- [Stored data]:
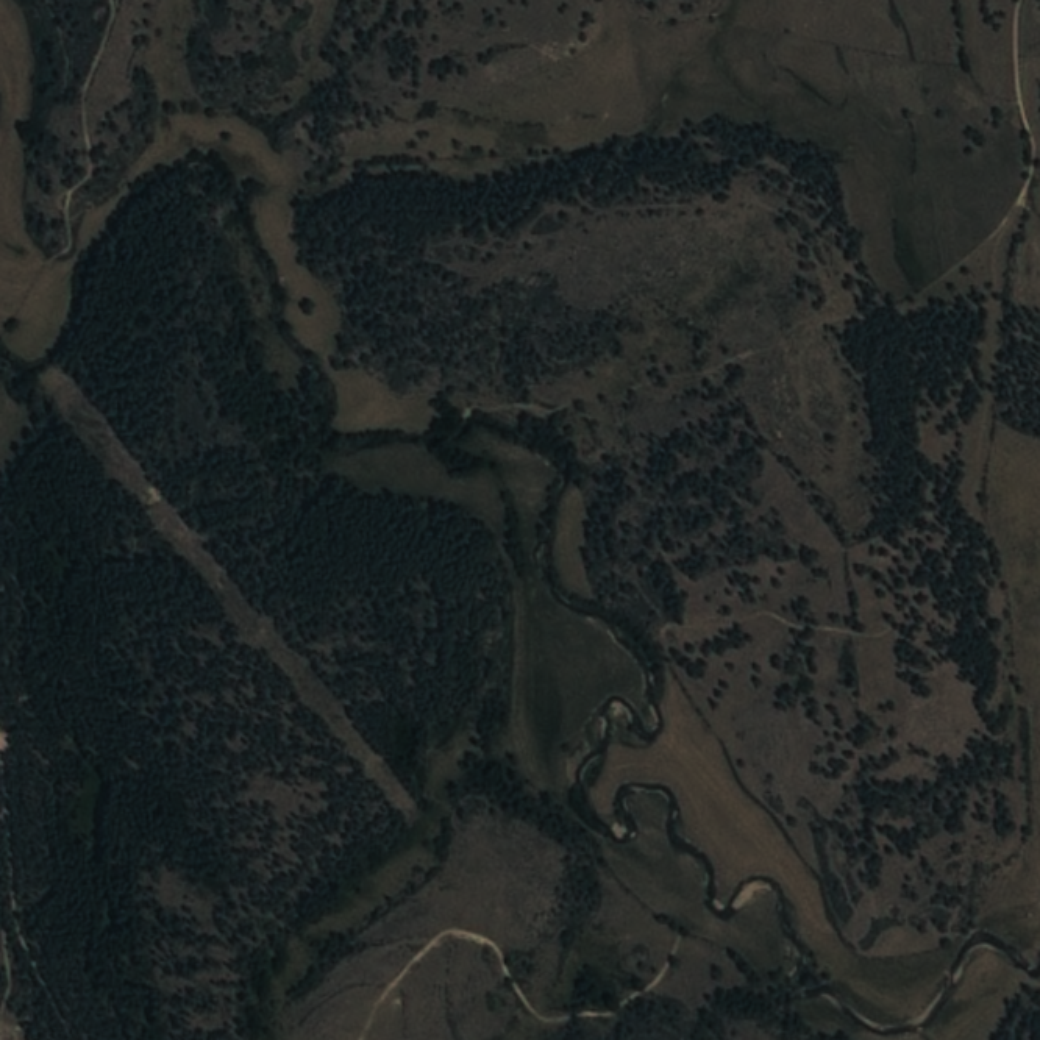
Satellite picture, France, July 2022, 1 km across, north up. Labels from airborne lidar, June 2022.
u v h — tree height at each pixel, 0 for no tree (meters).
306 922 22
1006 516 0
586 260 0
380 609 19
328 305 0
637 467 14
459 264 0
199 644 18
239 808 16
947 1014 0
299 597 22
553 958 0
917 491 15
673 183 11
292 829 17
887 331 14
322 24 0
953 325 17
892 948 0
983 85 0
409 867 0
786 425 0
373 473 0
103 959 26
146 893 18
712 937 0
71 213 0
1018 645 0
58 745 24
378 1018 0
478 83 0
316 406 11
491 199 16
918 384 13
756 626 0
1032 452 0
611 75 0
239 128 0
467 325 10
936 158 0
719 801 0
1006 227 0
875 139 0
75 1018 18
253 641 0
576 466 12
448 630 18
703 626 0
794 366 0
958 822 16
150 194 21
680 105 0
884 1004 0
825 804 0
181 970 23
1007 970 0
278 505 20
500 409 0
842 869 0
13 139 0
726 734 0
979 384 12
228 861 18
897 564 12
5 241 0
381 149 0
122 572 22
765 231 0
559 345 7
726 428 13
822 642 0
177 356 16
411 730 8
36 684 18
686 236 0
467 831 0
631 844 0
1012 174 0
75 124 0
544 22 0
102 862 26
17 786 17
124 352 18
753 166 12
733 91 0
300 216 13
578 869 6
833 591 0
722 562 15
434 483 0
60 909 18
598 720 0
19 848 17
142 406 17
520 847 0
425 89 0
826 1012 0
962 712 0
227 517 17
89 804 0
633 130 0
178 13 0
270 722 13
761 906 0
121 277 29
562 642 0
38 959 15
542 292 0
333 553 28
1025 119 0
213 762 15
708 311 0
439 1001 0
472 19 0
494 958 0
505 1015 0
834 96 0
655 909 0
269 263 8
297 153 0
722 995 16
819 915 0
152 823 23
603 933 0
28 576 21
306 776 17
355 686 18
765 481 0
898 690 0
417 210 17
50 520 20
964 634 18
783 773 0
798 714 0
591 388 0
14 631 16
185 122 0
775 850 0
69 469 22
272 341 0
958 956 0
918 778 0
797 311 0
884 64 0
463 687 14
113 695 28
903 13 0
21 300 0
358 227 12
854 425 8
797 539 0
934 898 7
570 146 0
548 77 0
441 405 16
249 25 0
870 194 0
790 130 0
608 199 10
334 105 10
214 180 20
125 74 0
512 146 0
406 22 13
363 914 0
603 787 0
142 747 27
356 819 17
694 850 0
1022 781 7
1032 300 0
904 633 12
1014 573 0
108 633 23
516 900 0
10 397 6
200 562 0
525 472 0
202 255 9
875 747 0
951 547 10
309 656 18
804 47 0
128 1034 17
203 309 12
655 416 0
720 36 0
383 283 18
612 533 10
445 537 27
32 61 0
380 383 0
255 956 9
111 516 17
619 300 0
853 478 0
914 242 0
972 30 0
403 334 9
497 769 15
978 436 0
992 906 0
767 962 0
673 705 0
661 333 0
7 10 0
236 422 7
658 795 0
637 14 0
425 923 0
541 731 0
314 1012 0
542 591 0
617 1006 20
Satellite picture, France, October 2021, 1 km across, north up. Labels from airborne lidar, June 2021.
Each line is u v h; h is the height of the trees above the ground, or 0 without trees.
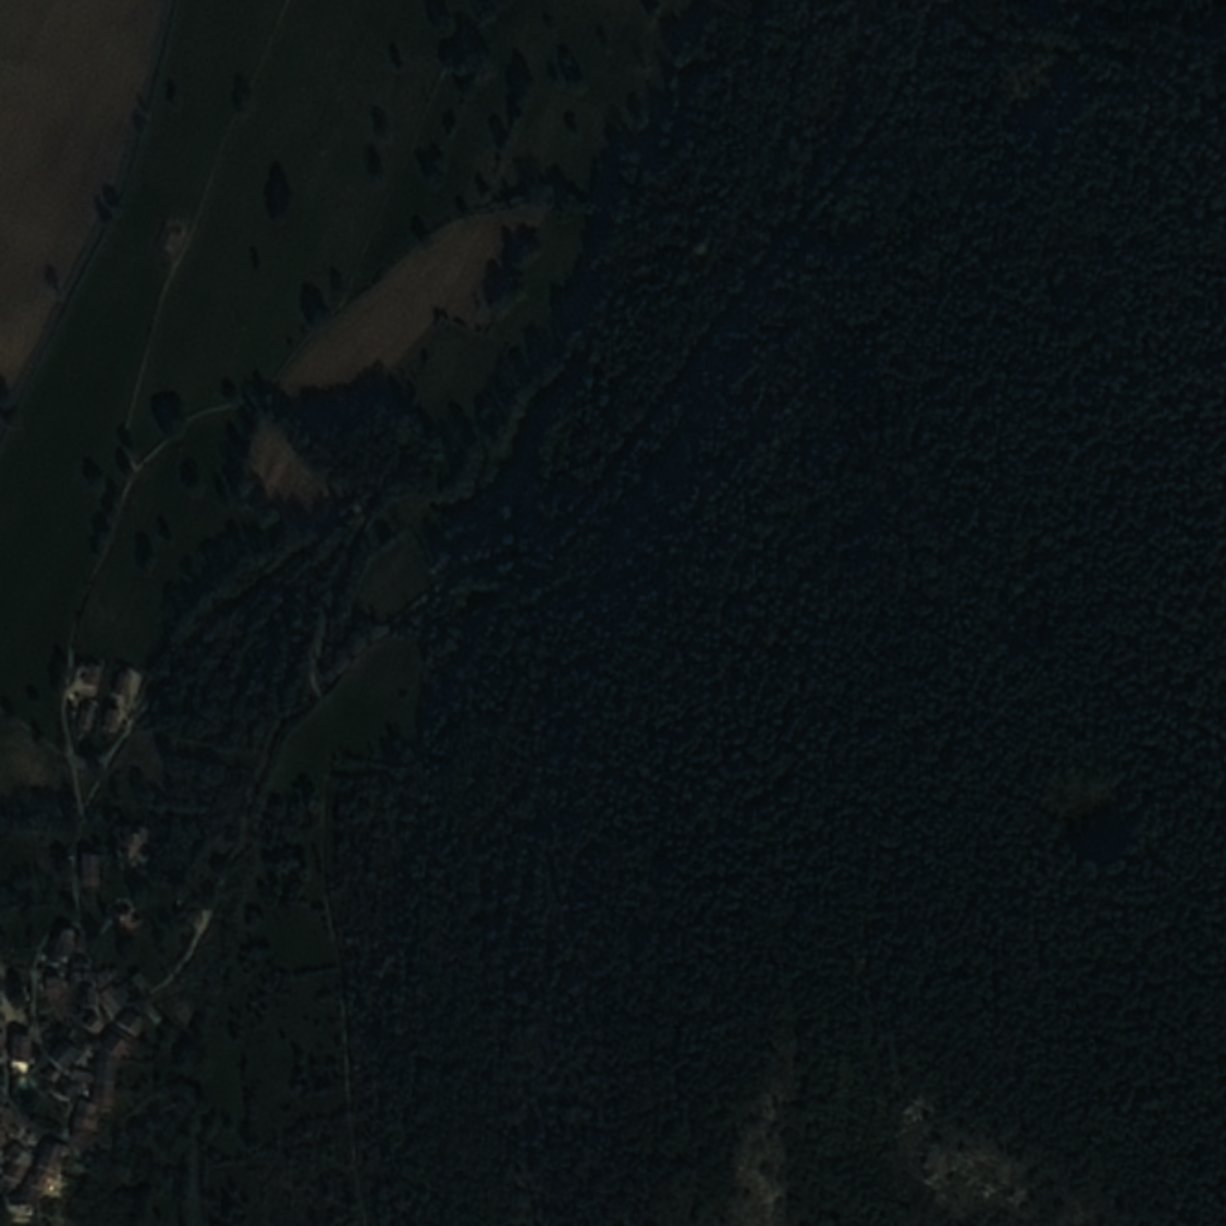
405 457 11
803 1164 14
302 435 20
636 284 17
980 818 18
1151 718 21
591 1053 6
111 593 0
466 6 0
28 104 0
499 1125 8
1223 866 19
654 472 9
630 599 14
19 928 0
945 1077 11
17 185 0
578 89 11
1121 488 22
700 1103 14
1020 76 16
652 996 11
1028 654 30
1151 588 22
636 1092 15
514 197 10
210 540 0
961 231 23
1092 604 25
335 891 6
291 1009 0
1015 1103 13
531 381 17
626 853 19
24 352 0
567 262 0
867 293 25
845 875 23
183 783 12
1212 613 20
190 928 5
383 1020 15
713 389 14
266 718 6
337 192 0
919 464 27
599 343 23
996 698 21
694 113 20
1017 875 20
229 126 0
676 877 23
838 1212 22
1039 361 17
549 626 19
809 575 11
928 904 22
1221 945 19
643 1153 10
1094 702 25
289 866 15
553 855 7
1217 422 20
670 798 23
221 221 0
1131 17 26
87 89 0
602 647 15
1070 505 24
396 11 0
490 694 17
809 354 21
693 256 22
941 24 14
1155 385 16
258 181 0
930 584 29
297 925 0
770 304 19
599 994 12
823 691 22
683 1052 16
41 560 0
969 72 18
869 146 15
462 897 11
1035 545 23
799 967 20
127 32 0
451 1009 12
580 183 0
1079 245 13
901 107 15
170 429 18
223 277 0
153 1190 17
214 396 0
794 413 12
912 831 18
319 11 0
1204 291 14
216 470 0
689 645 21
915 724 20
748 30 13
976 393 17
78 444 0
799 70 9
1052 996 19
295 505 0
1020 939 18
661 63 0
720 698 21
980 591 24
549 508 21
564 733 15
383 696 0
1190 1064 20
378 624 10
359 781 6
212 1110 5
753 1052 9
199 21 0
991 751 21
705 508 20
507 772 12
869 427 29
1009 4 21
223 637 12
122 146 0
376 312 0
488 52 14
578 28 0
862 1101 12
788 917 16
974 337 21
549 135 0
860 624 24
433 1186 10
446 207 0
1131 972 17
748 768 26
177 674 16
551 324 0
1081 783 14
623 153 19
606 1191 12
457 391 0
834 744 26
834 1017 14
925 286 24
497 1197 12
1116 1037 24
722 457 14
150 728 16
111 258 0
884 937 16
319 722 0
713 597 18
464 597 10
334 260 0
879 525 32
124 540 0
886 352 24
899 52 18
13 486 0
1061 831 16
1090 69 24
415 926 8
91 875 0
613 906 15
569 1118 8
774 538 15
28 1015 6
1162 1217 17
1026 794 21
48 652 0
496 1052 8
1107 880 22
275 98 0
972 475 26
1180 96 12
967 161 24
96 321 0
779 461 14
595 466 17
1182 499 19
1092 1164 14
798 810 23
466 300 0
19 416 13
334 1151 6
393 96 0
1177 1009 21
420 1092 12
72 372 0
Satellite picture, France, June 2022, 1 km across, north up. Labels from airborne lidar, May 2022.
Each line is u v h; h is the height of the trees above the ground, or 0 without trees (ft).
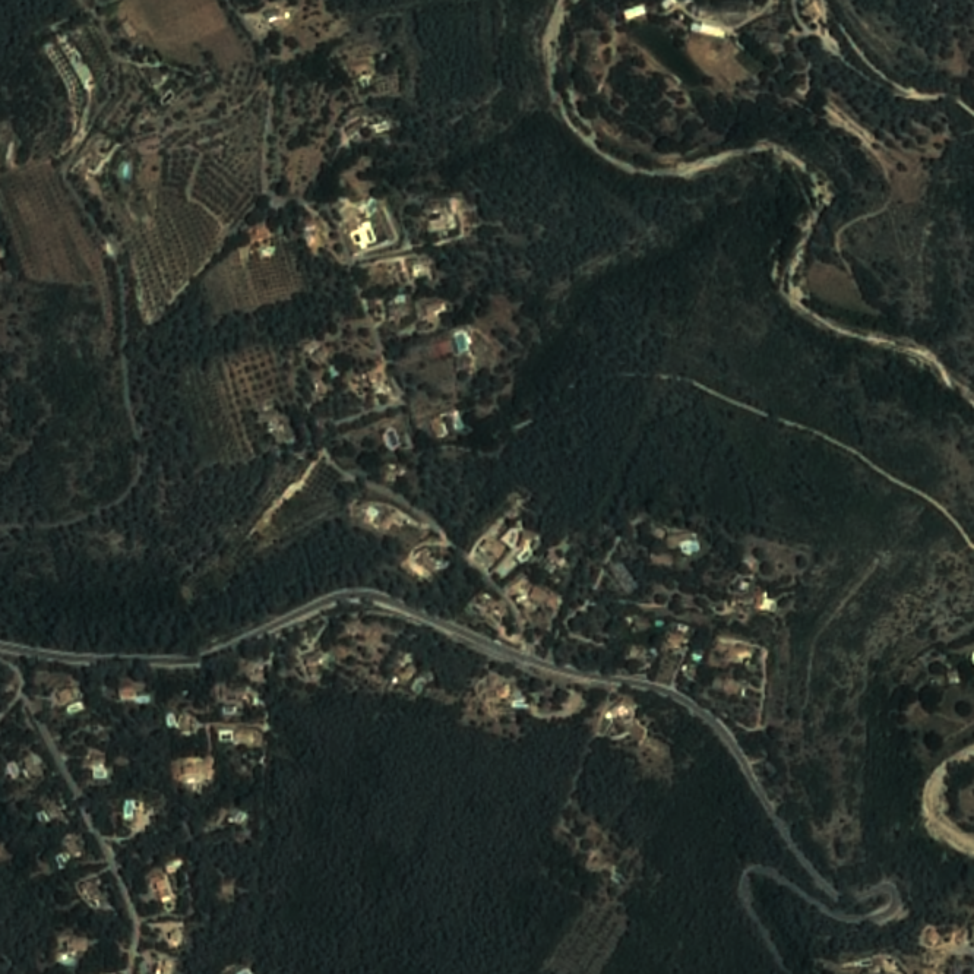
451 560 57
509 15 41
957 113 39
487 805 47
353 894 39
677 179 30
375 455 48
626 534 64
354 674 56
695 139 22
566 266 52
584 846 25
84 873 26
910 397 33
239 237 31
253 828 20
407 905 54
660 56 0
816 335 26
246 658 55
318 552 44
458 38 50
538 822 46
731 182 20
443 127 53
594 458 46
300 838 47
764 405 43
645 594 40
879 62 43
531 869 48
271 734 28
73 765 27
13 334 30
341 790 39
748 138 85
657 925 21
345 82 35
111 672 65
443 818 57
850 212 31
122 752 43
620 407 52
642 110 21
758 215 22
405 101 19
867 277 19
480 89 51
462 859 61
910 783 38
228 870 61
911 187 0
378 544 41
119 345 25
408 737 60
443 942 54
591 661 52
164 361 69
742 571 45
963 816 65
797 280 30
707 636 47
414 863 45
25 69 21
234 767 19
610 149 31
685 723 21
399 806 67
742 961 25
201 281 31
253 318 64
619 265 20
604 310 39
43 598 38
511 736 22
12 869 49
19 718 27
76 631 47
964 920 19
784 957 27
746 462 45
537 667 0
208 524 50
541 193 38
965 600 0
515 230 38
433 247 36
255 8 22
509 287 51
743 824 25
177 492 50
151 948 25
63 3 81
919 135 50
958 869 50
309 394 48
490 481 51
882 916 0
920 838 33
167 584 28
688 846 22
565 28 25
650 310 43
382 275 0
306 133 35
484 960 58
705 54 0
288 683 23
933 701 52
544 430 40
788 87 34
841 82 51
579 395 26
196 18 0
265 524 0
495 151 20
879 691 28
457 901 61
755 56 35
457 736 50
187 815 37
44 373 25
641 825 52
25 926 61
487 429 37
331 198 49
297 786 51
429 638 49
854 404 36
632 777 50
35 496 49
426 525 0
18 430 42
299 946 44
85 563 28
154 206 0
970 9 44
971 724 0
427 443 43
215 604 50
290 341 35
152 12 0
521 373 21
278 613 55
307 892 23
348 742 53
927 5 45
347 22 0
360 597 0
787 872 19
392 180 35
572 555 20
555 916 26
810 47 44
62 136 17
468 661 52
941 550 0
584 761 52

- [BRIEF]: Respond with one number only: how many lines of the data contain "height".

- [YOUR SOLUTION]: 3